In this case, it is a close question whether the daily activities noted by the ALJ were truly inconsistent with Cook's descriptions of her limitations and pain complaints — particularly as it relates to the time period beginning in late 2007. Compare, e.g., Casey v. Astrue, 503 F.3d 867, 696 (8th Cir. 2004) (ALJ did not err in discounting the claimant's testimony based on the extent of her daily activities) with Reed v. Barnhart, 399 F.3d 917, 922-924 (8th Cir. 2005) (ability to fix meals, do light housework and laundry, and travel short distances provides little or no support for the conclusion that a claimant can perform full-time competitive employment and citing other cases); Tilley v. Astrue, 580 F.3d 675, 681 (8th Cir. 2009) (ability to engage in some life activities, despite the pain it causes, does not mean the claimant has the ability to perform requisite physical activity day in and day out); Tang v. Apfel, 205 F.3d 1084, 1086 (8th Cir. 2000) (same). The court would conclude that Cook's minimal daily living activities were not inconsistent with her alleged limitations and pain complaints.
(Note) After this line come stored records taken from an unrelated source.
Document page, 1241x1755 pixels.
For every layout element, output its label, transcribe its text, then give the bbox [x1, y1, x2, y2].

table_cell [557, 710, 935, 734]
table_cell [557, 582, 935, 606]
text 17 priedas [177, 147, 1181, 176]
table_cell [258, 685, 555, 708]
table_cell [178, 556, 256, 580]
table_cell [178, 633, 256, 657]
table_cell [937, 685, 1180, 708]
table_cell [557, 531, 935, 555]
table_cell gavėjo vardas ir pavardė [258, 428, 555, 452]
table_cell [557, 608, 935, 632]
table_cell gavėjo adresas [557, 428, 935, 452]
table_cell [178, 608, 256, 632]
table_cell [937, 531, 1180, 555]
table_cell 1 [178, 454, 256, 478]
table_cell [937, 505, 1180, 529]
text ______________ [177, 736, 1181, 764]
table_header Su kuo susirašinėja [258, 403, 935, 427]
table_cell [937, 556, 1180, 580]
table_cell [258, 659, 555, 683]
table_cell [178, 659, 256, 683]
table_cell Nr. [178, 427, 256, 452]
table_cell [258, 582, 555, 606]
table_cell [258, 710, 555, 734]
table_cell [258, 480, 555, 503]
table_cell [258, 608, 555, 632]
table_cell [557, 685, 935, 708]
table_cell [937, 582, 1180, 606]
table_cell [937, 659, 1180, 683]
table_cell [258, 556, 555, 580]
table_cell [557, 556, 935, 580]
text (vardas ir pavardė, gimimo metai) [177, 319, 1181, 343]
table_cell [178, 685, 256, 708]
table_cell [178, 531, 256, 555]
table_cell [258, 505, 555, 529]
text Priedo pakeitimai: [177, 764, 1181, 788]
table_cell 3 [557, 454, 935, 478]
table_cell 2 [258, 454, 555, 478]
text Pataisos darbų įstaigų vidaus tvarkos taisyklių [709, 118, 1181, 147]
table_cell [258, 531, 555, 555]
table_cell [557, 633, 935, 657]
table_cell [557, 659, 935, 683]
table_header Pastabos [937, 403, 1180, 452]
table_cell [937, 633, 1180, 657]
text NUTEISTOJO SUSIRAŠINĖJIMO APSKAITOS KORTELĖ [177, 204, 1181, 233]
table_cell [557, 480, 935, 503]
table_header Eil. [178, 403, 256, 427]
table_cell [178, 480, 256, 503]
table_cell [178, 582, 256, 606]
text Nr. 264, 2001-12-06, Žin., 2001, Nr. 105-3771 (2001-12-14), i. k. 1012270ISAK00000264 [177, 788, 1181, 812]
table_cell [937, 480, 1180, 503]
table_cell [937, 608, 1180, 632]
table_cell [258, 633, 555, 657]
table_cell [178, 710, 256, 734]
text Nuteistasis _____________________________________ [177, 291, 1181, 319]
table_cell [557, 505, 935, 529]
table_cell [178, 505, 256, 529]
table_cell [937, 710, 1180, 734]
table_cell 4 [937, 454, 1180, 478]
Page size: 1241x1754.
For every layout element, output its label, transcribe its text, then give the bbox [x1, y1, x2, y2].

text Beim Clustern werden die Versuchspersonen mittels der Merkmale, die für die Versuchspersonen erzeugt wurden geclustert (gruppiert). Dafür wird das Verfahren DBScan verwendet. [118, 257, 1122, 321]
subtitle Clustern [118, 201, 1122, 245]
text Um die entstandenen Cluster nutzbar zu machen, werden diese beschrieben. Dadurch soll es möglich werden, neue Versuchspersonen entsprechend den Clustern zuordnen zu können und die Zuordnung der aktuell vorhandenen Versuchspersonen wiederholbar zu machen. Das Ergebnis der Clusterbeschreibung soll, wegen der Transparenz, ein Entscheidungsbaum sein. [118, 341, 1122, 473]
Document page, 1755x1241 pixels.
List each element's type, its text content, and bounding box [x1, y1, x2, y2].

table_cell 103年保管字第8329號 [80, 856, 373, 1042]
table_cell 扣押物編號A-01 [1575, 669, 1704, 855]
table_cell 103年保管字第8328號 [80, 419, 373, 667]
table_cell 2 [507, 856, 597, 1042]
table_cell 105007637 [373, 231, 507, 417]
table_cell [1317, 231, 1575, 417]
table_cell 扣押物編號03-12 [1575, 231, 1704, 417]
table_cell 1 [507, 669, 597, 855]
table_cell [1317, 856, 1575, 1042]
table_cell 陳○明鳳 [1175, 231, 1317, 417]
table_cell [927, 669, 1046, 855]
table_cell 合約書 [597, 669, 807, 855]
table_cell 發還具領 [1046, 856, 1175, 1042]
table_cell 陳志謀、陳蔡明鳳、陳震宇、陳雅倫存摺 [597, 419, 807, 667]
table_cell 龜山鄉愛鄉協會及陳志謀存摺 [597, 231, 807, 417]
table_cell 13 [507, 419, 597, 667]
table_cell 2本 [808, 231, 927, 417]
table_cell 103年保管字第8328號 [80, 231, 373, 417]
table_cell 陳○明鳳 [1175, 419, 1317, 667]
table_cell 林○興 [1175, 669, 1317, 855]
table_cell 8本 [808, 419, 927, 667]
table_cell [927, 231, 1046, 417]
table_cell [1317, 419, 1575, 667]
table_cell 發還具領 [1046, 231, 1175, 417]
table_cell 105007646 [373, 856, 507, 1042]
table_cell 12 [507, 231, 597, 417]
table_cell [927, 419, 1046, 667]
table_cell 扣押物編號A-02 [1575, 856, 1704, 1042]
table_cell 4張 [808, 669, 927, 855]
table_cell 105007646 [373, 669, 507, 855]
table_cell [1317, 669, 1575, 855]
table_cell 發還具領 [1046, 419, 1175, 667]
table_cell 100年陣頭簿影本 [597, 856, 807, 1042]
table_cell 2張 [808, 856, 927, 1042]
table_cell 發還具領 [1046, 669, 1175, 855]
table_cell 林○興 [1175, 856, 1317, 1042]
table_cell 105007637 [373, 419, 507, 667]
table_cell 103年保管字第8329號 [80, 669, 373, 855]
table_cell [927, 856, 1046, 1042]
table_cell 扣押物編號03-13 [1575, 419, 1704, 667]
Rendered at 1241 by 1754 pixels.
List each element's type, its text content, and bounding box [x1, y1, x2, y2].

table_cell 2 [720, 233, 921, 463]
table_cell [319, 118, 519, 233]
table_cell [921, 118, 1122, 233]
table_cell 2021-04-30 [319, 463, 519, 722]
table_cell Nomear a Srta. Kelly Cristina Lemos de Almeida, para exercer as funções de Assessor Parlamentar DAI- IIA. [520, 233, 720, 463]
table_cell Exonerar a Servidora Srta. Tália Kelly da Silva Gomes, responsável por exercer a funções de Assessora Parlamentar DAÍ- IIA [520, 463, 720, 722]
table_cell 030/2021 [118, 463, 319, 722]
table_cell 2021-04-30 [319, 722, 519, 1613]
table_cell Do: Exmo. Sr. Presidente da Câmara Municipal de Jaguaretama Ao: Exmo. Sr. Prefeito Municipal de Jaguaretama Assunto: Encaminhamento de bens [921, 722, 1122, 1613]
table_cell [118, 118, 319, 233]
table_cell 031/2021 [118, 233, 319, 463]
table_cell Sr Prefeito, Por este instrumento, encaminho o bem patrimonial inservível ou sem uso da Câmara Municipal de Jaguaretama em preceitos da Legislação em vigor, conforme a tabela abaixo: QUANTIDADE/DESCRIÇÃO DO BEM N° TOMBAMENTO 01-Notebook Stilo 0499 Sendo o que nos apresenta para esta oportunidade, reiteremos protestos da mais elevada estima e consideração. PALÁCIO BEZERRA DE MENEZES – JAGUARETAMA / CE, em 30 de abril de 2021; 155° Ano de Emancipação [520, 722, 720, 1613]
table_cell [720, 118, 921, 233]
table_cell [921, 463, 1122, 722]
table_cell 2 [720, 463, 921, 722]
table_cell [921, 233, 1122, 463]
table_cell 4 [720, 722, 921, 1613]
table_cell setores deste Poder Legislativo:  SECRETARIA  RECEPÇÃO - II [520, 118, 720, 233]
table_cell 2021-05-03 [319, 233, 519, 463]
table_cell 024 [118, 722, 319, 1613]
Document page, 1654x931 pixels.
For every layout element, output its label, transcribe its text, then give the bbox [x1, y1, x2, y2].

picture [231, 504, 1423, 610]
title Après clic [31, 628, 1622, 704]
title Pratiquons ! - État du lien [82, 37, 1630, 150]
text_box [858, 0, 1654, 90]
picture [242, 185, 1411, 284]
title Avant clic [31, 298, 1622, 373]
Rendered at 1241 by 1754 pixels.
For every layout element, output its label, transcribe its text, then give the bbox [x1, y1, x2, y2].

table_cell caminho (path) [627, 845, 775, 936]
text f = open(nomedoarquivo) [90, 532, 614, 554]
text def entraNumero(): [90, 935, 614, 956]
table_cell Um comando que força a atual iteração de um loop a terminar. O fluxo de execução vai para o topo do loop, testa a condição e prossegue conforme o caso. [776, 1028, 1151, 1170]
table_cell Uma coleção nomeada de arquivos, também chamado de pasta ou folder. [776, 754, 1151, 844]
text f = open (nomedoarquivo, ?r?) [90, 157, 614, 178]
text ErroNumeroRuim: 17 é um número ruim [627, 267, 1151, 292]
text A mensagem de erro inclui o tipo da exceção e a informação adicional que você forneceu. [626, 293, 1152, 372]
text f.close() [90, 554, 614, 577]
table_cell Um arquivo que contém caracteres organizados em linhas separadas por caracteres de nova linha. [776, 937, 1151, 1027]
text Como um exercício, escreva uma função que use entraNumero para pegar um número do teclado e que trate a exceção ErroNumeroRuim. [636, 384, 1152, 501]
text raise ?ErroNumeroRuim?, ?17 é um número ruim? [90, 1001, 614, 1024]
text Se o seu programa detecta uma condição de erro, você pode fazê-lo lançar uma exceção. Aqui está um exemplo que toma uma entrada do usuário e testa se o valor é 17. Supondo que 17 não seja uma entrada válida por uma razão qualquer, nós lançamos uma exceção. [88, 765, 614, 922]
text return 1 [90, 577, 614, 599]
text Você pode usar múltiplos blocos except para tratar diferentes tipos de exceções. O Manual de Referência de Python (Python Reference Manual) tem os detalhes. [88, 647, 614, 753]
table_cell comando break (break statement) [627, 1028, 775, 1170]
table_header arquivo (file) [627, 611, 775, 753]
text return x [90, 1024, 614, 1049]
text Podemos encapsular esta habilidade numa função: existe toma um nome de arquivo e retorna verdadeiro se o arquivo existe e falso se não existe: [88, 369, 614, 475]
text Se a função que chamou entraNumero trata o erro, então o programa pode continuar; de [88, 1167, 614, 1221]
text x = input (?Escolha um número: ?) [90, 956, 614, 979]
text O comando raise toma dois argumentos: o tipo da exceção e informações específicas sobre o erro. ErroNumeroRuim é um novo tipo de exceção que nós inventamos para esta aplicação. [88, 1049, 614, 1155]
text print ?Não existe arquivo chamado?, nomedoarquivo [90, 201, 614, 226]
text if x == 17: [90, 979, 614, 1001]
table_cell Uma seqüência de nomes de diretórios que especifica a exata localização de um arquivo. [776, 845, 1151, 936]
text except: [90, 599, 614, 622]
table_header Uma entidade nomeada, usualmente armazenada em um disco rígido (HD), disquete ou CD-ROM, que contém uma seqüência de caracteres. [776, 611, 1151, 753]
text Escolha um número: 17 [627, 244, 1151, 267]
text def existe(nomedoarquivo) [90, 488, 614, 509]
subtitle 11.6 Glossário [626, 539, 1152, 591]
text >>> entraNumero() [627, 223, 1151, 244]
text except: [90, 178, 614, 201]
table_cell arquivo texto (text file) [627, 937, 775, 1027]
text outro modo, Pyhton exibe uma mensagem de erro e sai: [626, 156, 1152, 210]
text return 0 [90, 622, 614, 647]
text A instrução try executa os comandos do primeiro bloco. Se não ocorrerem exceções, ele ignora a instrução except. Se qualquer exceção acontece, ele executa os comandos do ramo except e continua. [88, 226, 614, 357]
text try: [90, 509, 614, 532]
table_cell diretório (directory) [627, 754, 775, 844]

The ALJ also concluded that the record supported the conclusion that Cook was able to manage her pain with mediation. While that may be one possible view of the record, another view is that, while Cook did obtain some relief from the injections by Dr. Colon for periods of time, that some level of pain was always there and that the pain again worsened a short period of time following the injection treatments. Further, another conclusion that can be drawn from the record is that the pain would increase when Cook attempted more than nominal activity. Finally, the fact that Cook expressed some satisfaction in obtaining relief from debilitating pain may simply be a matter of degree, i.e., the difference between being bed-ridden and the ability to engage in limited activities.

The court must defer to an ALJ's credibility determinations as long as they are supported by reasons that are plausible and supported by evidence that is substantial. Hamilton v. Astrue, 518 F.3d 607, 613 (8th Cir. 2008); Masterson v. Barnhardt, 363 F.3d 731, 738-39 (8th Cir. 2004). Here, the court concludes it is a close question whether the ALJ properly discounted Cook's subjective complaints to the extent that he did. Since this case must be remanded, a new assessment can be made regarding Cook's credibility.

E. The adequacy of the ALJ's hypotheticals and RFC Assessment

Cook argues that the ALJ's RFC determination was flawed. Specifically, Cook asserts that the ALJ engaged in circular reasoning in determining Cook's RFC; that his hypothetical questions to the VE did not capture all of the relevant evidence; that the ALJ improperly rejected the Physical Capacities Evaluation prepared by Cook's treating physician; and that the ALJ, at the very least, should have sought a new medical determination of Cook's RFC. The Commissioner contests each of these points.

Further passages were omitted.